Records provided:

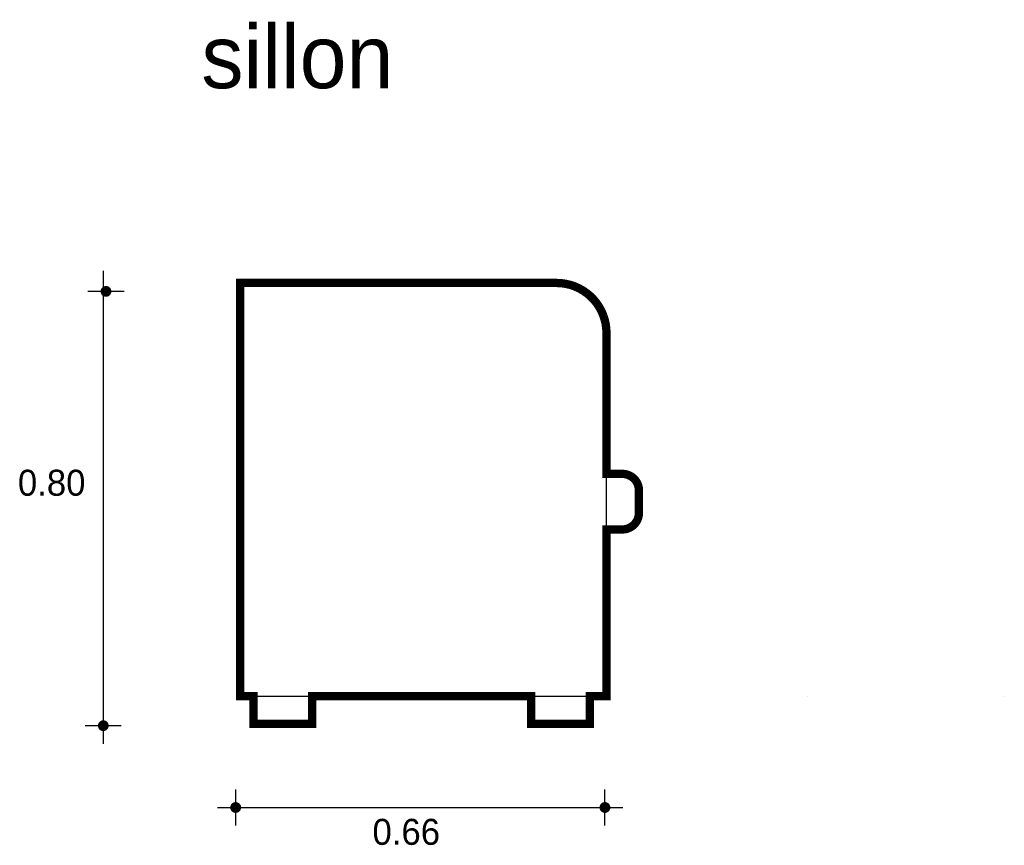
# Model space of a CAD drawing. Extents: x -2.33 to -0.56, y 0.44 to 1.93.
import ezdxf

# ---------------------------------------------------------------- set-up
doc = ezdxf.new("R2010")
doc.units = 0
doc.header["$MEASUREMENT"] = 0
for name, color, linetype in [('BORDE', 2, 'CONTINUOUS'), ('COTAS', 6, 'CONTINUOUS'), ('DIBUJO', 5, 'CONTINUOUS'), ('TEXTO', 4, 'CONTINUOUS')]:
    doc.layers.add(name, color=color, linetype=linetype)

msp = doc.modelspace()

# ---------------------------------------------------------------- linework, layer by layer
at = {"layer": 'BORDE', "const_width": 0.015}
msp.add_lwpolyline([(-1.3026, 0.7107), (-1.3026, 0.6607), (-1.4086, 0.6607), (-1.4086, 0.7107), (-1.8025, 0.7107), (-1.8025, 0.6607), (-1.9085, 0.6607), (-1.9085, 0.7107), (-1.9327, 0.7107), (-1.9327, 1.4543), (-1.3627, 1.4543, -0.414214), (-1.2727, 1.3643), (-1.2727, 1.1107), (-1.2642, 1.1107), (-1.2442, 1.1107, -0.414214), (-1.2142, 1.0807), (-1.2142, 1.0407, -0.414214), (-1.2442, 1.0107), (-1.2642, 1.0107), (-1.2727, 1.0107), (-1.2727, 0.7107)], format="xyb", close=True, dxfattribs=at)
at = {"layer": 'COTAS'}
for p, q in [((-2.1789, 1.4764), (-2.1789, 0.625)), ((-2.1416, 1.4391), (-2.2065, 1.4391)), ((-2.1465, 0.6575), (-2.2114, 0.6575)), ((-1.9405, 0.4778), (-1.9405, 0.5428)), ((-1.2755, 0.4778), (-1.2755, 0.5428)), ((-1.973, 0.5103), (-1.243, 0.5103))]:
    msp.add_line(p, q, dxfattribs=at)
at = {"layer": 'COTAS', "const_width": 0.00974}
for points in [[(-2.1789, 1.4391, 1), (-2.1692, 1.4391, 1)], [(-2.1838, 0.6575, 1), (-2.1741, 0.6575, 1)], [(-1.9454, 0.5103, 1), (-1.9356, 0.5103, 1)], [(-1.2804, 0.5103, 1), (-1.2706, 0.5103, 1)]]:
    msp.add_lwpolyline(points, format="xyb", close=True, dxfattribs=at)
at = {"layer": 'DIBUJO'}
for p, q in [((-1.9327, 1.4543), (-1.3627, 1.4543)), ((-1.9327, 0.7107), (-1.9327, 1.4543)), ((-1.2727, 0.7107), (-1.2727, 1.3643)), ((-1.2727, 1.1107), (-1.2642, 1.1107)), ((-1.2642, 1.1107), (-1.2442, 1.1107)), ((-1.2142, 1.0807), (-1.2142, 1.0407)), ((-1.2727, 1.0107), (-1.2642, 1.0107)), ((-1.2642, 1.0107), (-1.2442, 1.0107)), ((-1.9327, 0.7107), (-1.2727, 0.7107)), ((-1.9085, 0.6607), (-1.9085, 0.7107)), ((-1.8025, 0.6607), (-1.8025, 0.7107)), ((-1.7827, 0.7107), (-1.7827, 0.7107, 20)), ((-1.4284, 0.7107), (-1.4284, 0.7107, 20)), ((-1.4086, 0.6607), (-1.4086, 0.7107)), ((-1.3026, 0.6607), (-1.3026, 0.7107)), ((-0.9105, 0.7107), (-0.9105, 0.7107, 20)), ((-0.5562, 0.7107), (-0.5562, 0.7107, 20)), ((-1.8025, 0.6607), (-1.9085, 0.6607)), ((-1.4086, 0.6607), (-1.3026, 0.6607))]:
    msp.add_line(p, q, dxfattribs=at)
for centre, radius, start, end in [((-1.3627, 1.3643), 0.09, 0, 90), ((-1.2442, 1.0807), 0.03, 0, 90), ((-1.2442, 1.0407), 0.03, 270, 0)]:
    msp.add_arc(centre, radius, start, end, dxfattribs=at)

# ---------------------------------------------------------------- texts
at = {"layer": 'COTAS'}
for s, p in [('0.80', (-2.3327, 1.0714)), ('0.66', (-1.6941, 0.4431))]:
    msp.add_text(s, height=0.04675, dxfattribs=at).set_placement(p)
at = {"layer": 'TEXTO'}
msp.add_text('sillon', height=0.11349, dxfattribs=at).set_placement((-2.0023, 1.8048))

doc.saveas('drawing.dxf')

Exercise prompt: Before you print the records, please set aside any pictures and keep everything else exact.

Output of the task:
# Model space of a CAD drawing. Extents: x -2.33 to -0.56, y 0.44 to 1.93.
import ezdxf

# ---------------------------------------------------------------- set-up
doc = ezdxf.new("R2010")
doc.units = 0
doc.header["$MEASUREMENT"] = 0
for name, color, linetype in [('BORDE', 2, 'CONTINUOUS'), ('COTAS', 6, 'CONTINUOUS'), ('DIBUJO', 5, 'CONTINUOUS'), ('TEXTO', 4, 'CONTINUOUS')]:
    doc.layers.add(name, color=color, linetype=linetype)

msp = doc.modelspace()

# ---------------------------------------------------------------- linework, layer by layer
at = {"layer": 'BORDE', "const_width": 0.015}
msp.add_lwpolyline([(-1.3026, 0.7107), (-1.3026, 0.6607), (-1.4086, 0.6607), (-1.4086, 0.7107), (-1.8025, 0.7107), (-1.8025, 0.6607), (-1.9085, 0.6607), (-1.9085, 0.7107), (-1.9327, 0.7107), (-1.9327, 1.4543), (-1.3627, 1.4543, -0.414214), (-1.2727, 1.3643), (-1.2727, 1.1107), (-1.2642, 1.1107), (-1.2442, 1.1107, -0.414214), (-1.2142, 1.0807), (-1.2142, 1.0407, -0.414214), (-1.2442, 1.0107), (-1.2642, 1.0107), (-1.2727, 1.0107), (-1.2727, 0.7107)], format="xyb", close=True, dxfattribs=at)
at = {"layer": 'COTAS'}
for p, q in [((-2.1789, 1.4764), (-2.1789, 0.625)), ((-2.1416, 1.4391), (-2.2065, 1.4391)), ((-2.1465, 0.6575), (-2.2114, 0.6575)), ((-1.9405, 0.4778), (-1.9405, 0.5428)), ((-1.2755, 0.4778), (-1.2755, 0.5428)), ((-1.973, 0.5103), (-1.243, 0.5103))]:
    msp.add_line(p, q, dxfattribs=at)
at = {"layer": 'COTAS', "const_width": 0.00974}
for points in [[(-2.1789, 1.4391, 1), (-2.1692, 1.4391, 1)], [(-2.1838, 0.6575, 1), (-2.1741, 0.6575, 1)], [(-1.9454, 0.5103, 1), (-1.9356, 0.5103, 1)], [(-1.2804, 0.5103, 1), (-1.2706, 0.5103, 1)]]:
    msp.add_lwpolyline(points, format="xyb", close=True, dxfattribs=at)
at = {"layer": 'DIBUJO'}
for p, q in [((-1.9327, 1.4543), (-1.3627, 1.4543)), ((-1.9327, 0.7107), (-1.9327, 1.4543)), ((-1.2727, 0.7107), (-1.2727, 1.3643)), ((-1.2727, 1.1107), (-1.2642, 1.1107)), ((-1.2642, 1.1107), (-1.2442, 1.1107)), ((-1.2142, 1.0807), (-1.2142, 1.0407)), ((-1.2727, 1.0107), (-1.2642, 1.0107)), ((-1.2642, 1.0107), (-1.2442, 1.0107)), ((-1.9327, 0.7107), (-1.2727, 0.7107)), ((-1.9085, 0.6607), (-1.9085, 0.7107)), ((-1.8025, 0.6607), (-1.8025, 0.7107)), ((-1.7827, 0.7107), (-1.7827, 0.7107, 20)), ((-1.4284, 0.7107), (-1.4284, 0.7107, 20)), ((-1.4086, 0.6607), (-1.4086, 0.7107)), ((-1.3026, 0.6607), (-1.3026, 0.7107)), ((-0.9105, 0.7107), (-0.9105, 0.7107, 20)), ((-0.5562, 0.7107), (-0.5562, 0.7107, 20)), ((-1.8025, 0.6607), (-1.9085, 0.6607)), ((-1.4086, 0.6607), (-1.3026, 0.6607))]:
    msp.add_line(p, q, dxfattribs=at)
for centre, radius, start, end in [((-1.3627, 1.3643), 0.09, 0, 90), ((-1.2442, 1.0807), 0.03, 0, 90), ((-1.2442, 1.0407), 0.03, 270, 0)]:
    msp.add_arc(centre, radius, start, end, dxfattribs=at)

# ---------------------------------------------------------------- texts
at = {"layer": 'COTAS'}
for s, p in [('0.80', (-2.3327, 1.0714)), ('0.66', (-1.6941, 0.4431))]:
    msp.add_text(s, height=0.04675, dxfattribs=at).set_placement(p)
at = {"layer": 'TEXTO'}
msp.add_text('sillon', height=0.11349, dxfattribs=at).set_placement((-2.0023, 1.8048))

doc.saveas('drawing.dxf')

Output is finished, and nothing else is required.